- [WORK TO BE COMPLETED]
Please restate the material below word for word, from the first line through the one that contains "Answer yes or no. No. Does Navy Blue have the maximum", inclusive.

- [STORED DATA]

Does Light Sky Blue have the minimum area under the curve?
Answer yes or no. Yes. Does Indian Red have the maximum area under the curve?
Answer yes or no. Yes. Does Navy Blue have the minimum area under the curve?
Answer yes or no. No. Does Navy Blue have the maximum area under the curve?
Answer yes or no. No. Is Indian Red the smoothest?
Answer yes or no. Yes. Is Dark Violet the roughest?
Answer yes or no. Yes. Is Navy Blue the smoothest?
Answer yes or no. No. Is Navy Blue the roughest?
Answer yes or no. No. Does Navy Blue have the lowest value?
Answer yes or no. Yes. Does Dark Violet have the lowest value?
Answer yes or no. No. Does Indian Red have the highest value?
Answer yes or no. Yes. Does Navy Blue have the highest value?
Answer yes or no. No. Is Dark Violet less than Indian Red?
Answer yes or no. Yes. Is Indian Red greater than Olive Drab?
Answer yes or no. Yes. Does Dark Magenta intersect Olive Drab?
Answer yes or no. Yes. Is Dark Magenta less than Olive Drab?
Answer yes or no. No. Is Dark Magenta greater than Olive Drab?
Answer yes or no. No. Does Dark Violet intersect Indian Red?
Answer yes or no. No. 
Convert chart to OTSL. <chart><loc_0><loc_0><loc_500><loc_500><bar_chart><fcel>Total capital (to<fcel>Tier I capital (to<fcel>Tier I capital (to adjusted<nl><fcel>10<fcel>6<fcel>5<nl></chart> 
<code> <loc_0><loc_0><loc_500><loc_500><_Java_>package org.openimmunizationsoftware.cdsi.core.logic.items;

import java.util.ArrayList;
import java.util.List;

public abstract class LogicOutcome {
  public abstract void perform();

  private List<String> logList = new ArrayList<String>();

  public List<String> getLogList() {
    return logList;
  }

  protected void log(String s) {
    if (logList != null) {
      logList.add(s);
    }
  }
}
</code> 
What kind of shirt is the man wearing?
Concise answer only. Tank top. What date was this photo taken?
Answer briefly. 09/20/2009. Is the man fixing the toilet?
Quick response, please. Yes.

- [EXERCISE RESPONSE]
Does Light Sky Blue have the minimum area under the curve?
Answer yes or no. Yes. Does Indian Red have the maximum area under the curve?
Answer yes or no. Yes. Does Navy Blue have the minimum area under the curve?
Answer yes or no. No. Does Navy Blue have the maximum area under the curve?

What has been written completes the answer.